Thu, 2 Nov 2000 18:13:58 +0100 (CET), Ad Buijsen <address@hidden> wrote: 
> Ports, as I see them, are simply channels for communication between
> processes.  They are identified by their ID (what else?) and protected
> on both sides by their associated rights (at least, in mach).
> 
> A naieve way to implement this on L4 would be to give each task a
> thread that handles all communication for its worker threads.  The
> latter write to (or read from) ports that are presented to them by their
> "communicator", which transforms the messages into "proper" L4 IPC
> messages, putting the port ID into the first element of the payload. 
> The receiving communicator unpacks the L4 payload and examines the port
> ID to decide what to do with the port payload - mostly it will queue
> the message for one of the worker threads in its task.  Note that the
> communication between worker and communicator can be as asynchronous as
> you want, and that the "port" ID is also used for authentication.
Putting ports messages (the ports protocol?) in the payload of an
L4 message is what I've meant with "opaque" message.
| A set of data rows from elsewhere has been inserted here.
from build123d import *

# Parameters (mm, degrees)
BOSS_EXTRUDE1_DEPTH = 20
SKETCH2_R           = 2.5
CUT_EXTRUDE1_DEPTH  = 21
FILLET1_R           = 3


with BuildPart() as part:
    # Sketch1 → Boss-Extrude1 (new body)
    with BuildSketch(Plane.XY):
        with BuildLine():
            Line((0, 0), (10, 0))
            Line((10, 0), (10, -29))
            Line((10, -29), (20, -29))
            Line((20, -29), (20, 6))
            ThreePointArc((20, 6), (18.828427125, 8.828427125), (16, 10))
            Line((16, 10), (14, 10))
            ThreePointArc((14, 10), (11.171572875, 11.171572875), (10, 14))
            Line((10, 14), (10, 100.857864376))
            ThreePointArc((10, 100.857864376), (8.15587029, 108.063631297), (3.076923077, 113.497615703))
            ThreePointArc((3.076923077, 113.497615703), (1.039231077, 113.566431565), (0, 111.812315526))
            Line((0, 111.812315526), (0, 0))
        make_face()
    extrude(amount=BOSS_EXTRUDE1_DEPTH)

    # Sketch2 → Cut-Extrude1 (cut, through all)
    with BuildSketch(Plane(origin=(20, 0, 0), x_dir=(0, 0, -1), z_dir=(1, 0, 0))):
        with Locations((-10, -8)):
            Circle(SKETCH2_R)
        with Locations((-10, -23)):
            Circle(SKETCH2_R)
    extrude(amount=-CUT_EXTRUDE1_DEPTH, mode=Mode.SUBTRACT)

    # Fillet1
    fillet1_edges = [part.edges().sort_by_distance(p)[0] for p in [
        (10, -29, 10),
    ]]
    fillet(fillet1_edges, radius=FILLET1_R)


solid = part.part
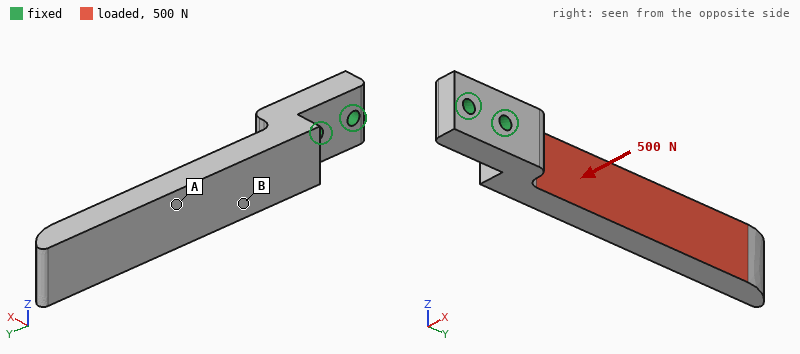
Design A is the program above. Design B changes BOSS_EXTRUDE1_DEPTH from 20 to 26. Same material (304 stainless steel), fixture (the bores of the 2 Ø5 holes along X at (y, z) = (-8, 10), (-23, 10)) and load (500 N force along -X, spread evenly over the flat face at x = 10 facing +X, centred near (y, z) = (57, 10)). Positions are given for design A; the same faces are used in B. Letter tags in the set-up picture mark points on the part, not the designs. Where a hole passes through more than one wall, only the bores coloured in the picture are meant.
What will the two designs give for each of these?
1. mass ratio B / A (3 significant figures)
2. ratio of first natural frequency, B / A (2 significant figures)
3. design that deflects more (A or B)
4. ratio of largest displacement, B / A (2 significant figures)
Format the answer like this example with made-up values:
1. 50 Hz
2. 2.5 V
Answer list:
1. 1.30
2. 0.99
3. A
4. 0.79
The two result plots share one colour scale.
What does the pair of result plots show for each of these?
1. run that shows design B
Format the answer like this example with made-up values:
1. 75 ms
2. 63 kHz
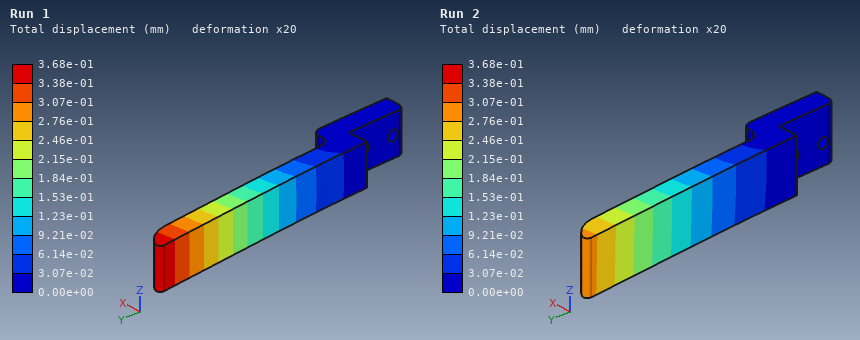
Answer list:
1. Run 2
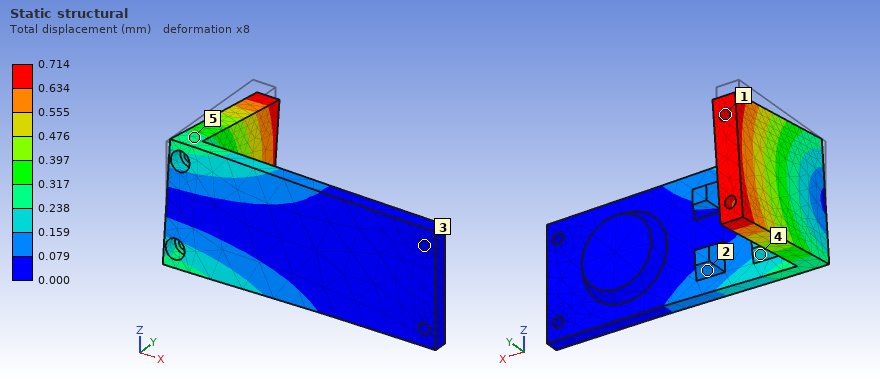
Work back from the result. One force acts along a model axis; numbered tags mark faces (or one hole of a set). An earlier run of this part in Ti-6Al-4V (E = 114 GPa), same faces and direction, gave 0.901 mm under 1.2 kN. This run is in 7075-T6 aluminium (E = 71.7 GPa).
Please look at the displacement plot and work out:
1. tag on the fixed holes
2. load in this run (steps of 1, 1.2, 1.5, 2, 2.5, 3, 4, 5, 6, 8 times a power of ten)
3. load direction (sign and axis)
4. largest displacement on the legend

3
600 N
-Z
0.714 mm
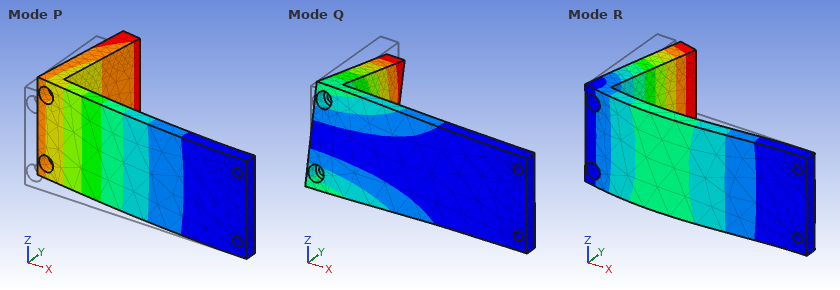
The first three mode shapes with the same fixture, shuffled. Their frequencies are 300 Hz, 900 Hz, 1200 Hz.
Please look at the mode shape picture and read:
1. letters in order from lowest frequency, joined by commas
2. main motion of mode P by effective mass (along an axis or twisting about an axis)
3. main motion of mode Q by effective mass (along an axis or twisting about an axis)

P, Q, R
along Y
along Z
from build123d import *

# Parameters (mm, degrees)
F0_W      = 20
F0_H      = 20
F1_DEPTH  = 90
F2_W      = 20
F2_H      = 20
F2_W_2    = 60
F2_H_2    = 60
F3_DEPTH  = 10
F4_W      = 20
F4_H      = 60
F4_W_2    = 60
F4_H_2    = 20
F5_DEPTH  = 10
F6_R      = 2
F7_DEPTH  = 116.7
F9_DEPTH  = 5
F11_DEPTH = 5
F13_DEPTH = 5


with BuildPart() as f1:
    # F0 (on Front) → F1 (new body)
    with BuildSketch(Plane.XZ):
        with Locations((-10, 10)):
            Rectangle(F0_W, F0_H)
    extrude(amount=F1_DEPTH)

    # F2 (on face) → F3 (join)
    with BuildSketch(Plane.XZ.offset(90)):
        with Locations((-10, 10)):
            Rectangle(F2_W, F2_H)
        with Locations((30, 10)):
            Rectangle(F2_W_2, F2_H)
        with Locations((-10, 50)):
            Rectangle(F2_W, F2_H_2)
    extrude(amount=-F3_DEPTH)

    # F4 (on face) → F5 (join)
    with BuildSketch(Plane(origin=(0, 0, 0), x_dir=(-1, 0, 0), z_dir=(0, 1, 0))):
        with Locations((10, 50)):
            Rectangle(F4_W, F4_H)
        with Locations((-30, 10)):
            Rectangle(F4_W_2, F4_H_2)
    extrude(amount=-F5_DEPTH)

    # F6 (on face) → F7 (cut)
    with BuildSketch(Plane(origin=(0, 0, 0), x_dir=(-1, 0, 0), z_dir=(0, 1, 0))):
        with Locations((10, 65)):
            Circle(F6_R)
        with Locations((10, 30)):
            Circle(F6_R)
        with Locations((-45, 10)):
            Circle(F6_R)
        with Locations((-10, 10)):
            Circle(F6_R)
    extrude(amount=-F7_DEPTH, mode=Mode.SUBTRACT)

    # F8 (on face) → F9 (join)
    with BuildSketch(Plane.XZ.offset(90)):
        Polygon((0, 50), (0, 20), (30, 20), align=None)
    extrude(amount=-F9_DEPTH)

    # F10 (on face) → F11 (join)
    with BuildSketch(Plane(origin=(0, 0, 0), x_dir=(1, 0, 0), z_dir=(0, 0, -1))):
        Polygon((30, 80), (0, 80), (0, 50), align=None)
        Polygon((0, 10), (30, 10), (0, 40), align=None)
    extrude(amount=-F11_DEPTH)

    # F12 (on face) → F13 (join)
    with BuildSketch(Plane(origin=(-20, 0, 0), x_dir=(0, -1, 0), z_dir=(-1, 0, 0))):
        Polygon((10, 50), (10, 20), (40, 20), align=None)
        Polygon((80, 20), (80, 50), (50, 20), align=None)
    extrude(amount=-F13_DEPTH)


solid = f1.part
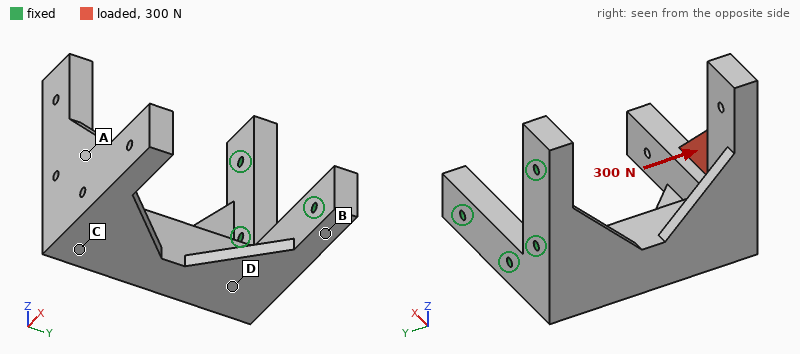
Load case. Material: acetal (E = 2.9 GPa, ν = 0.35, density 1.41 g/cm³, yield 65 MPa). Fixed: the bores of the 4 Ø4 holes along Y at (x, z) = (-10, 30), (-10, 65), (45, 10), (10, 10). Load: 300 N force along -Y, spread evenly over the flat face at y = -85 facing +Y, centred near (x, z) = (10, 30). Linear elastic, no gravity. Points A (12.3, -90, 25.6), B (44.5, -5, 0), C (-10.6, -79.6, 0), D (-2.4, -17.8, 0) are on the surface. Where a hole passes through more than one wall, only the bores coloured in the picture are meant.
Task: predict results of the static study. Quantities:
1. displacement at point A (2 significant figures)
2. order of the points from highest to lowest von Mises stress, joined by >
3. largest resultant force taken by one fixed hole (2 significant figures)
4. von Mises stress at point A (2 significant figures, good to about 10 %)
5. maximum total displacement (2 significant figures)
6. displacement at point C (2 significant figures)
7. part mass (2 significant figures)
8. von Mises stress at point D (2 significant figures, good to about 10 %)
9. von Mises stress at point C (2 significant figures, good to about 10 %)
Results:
1.1 mm
A > C > D > B
100 N
4.1 MPa
1.5 mm
0.76 mm
130 g
1.8 MPa
3.0 MPa
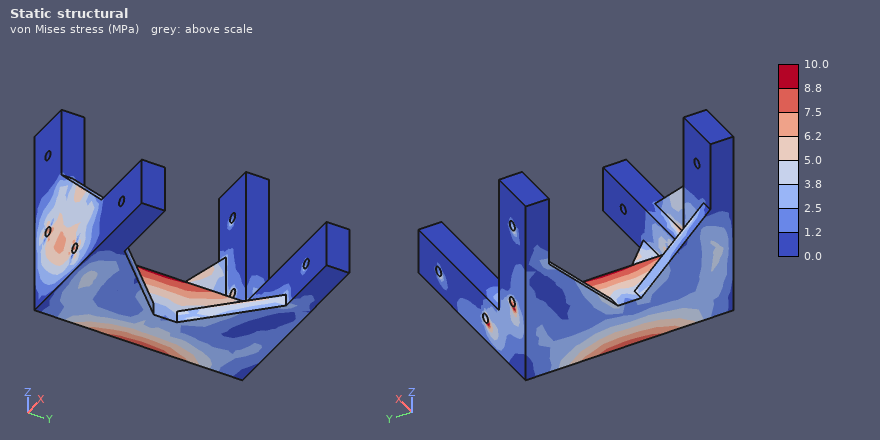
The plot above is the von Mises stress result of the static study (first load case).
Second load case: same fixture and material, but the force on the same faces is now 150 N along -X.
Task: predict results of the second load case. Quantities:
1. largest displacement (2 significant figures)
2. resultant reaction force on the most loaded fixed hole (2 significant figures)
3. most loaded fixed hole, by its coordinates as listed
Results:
1.7 mm
300 N
(-10, 30)
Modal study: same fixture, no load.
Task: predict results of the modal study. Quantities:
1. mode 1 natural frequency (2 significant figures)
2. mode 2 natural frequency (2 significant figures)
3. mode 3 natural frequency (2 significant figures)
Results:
220 Hz
280 Hz
510 Hz
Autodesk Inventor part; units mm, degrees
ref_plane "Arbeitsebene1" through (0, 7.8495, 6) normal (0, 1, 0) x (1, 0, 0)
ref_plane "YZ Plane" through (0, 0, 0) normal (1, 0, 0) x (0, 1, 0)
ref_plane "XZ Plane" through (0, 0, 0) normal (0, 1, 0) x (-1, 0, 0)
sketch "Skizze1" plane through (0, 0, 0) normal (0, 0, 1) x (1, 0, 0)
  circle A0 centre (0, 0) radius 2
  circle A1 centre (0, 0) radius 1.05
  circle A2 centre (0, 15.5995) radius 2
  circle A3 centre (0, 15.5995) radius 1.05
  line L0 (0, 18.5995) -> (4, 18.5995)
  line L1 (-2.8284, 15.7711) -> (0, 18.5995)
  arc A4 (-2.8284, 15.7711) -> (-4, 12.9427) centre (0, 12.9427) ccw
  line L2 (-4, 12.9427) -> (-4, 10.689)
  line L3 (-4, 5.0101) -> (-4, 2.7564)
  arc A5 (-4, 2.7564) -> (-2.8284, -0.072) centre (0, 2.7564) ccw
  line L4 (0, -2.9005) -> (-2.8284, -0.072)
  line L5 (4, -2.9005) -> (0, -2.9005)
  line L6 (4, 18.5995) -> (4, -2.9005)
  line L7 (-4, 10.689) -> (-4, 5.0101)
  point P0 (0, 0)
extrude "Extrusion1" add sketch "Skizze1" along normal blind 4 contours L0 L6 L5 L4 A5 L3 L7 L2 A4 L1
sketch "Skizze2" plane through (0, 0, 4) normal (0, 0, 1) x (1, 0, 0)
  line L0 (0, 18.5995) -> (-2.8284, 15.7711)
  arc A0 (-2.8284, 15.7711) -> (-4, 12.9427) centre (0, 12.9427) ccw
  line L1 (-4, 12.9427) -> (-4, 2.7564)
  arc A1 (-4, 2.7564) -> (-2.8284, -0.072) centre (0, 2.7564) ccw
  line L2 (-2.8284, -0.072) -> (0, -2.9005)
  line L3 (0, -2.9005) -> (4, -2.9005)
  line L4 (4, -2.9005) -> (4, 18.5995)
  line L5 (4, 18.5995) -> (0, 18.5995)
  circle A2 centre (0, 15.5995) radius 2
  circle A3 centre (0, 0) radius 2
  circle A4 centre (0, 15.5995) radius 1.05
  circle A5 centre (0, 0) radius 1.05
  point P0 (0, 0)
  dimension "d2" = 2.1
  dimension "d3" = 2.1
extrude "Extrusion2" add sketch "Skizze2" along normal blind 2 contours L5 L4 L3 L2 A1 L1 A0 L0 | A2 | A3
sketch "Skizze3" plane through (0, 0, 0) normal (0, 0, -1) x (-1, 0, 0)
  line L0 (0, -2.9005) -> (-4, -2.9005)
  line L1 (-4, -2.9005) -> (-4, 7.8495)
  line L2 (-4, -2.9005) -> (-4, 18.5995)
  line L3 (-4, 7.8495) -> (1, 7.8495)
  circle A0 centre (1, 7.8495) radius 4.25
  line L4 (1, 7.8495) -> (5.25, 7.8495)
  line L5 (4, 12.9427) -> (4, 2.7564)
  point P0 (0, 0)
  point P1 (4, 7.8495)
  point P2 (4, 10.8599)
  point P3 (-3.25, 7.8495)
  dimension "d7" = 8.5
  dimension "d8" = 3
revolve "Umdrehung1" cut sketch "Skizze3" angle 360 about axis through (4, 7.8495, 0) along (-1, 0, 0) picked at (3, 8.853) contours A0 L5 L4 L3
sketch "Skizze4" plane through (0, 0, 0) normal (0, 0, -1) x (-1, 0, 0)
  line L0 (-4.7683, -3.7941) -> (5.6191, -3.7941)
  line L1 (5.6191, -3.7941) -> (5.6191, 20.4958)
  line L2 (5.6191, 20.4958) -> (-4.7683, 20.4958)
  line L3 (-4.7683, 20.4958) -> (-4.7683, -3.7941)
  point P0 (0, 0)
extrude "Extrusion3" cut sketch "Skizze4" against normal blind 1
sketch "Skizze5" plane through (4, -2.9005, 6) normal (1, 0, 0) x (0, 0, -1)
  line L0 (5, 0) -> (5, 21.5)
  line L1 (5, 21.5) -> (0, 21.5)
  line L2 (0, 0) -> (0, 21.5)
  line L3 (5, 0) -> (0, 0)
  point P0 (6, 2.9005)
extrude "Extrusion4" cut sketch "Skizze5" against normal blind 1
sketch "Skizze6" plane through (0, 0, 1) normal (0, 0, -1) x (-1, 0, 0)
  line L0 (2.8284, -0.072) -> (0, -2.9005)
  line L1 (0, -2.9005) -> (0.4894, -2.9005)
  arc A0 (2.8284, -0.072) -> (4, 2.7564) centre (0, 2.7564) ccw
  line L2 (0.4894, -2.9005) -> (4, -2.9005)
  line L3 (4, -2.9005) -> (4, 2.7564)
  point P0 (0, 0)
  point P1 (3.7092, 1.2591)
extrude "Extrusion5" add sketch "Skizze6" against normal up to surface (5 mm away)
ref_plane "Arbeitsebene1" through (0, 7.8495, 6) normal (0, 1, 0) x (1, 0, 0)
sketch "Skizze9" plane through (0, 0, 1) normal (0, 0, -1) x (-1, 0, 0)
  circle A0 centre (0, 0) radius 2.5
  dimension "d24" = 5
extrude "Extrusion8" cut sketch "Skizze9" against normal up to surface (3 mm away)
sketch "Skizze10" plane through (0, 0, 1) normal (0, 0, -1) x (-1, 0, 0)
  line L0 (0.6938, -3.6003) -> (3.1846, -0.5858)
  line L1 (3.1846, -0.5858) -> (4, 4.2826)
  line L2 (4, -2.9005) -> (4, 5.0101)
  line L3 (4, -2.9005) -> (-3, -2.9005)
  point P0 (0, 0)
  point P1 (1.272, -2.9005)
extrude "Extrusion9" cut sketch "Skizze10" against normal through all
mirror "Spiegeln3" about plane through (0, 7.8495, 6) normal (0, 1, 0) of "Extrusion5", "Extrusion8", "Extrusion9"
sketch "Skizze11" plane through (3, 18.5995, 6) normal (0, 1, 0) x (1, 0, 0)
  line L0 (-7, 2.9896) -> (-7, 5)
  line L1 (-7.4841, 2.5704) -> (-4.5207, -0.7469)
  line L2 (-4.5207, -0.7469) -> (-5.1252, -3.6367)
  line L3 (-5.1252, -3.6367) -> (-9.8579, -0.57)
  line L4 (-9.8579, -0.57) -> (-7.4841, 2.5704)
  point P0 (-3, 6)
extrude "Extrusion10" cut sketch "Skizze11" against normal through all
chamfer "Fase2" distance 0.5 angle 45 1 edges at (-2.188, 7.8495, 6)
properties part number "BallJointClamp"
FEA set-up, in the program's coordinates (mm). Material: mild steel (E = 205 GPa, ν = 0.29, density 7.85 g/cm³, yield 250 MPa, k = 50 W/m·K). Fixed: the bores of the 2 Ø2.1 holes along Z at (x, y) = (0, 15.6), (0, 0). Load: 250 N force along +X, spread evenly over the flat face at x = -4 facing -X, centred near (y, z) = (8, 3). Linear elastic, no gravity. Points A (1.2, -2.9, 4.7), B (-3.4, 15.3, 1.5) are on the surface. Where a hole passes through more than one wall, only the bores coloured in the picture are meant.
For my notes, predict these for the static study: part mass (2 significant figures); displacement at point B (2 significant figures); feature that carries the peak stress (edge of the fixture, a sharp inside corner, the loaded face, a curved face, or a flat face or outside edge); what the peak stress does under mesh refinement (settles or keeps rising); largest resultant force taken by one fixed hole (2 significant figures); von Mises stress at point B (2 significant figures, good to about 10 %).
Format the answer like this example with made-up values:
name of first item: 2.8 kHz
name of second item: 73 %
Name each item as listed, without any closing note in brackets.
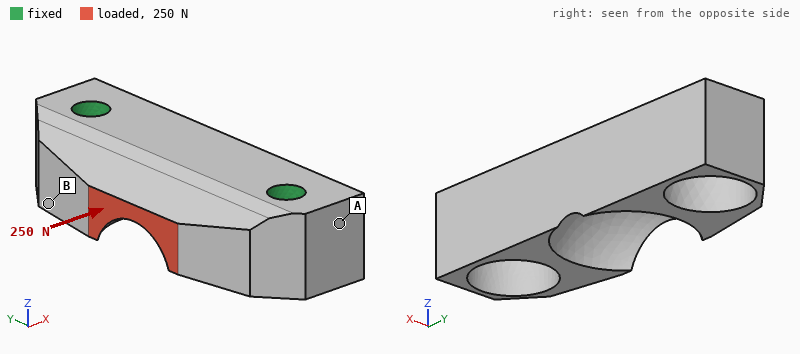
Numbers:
part mass: 3.4 g
displacement at point B: 1.4 µm
feature that carries the peak stress: edge of the fixture
what the peak stress does under mesh refinement: keeps rising
largest resultant force taken by one fixed hole: 130 N
von Mises stress at point B: 19 MPa
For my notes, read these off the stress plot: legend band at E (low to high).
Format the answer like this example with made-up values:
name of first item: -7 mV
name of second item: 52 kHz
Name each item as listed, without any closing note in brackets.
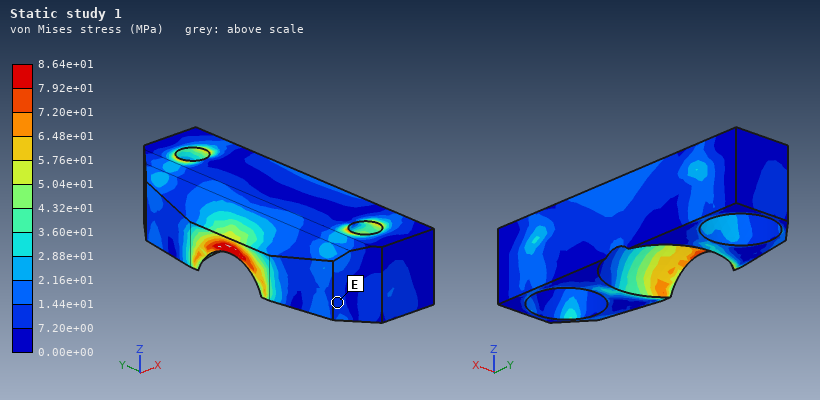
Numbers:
legend band at E: 7.20e+00 to 1.44e+01 MPa
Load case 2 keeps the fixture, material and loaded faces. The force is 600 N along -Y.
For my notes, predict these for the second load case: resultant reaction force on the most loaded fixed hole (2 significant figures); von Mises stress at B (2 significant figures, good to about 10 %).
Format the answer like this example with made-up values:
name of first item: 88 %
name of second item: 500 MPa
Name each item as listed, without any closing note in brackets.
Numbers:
resultant reaction force on the most loaded fixed hole: 340 N
von Mises stress at B: 30 MPa
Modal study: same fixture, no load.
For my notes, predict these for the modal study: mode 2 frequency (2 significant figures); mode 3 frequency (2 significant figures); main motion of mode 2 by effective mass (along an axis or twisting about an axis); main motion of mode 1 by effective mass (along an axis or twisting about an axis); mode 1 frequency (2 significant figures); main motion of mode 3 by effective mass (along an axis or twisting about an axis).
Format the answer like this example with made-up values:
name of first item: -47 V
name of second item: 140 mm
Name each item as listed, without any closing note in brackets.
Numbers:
mode 2 frequency: 45 kHz
mode 3 frequency: 66 kHz
main motion of mode 2 by effective mass: along X
main motion of mode 1 by effective mass: along Z
mode 1 frequency: 42 kHz
main motion of mode 3 by effective mass: along X
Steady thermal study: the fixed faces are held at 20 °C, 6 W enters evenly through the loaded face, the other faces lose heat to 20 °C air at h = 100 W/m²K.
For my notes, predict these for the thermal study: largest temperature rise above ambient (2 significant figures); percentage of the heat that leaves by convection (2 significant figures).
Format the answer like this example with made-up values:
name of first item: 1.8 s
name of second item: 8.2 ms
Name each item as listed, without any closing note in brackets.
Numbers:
largest temperature rise above ambient: 41 K
percentage of the heat that leaves by convection: 8.6 %
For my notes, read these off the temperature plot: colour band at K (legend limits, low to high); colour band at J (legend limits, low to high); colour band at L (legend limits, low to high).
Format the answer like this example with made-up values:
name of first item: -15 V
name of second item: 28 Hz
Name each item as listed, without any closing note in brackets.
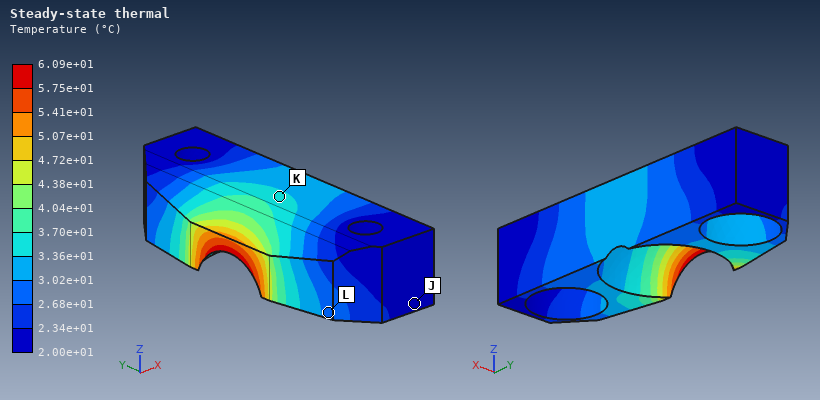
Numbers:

Do we really want to pay for the overhead of multiplexing and
demultiplexing each message at the libports level? It may be
a quick way to port libports to l4, but then, we won't be able
to use short messages and other quick L4 IPC mechanisms. I'm not
sure what the best way to proceed should be right now.

I understand why you want to dedicate a thread per task for communications:

For an IPC to succeed, one thread must ipc_send and one must already
ipc_receive synchronouusly. Receiving threads are easy: they just sit
listening on an ipc_receive call and once waken up, demultiplex/dispatch
the incoming message. Sending threads could wait on an ipc_receive() for
notifications on their own side and, once woken up, send outgoing messages.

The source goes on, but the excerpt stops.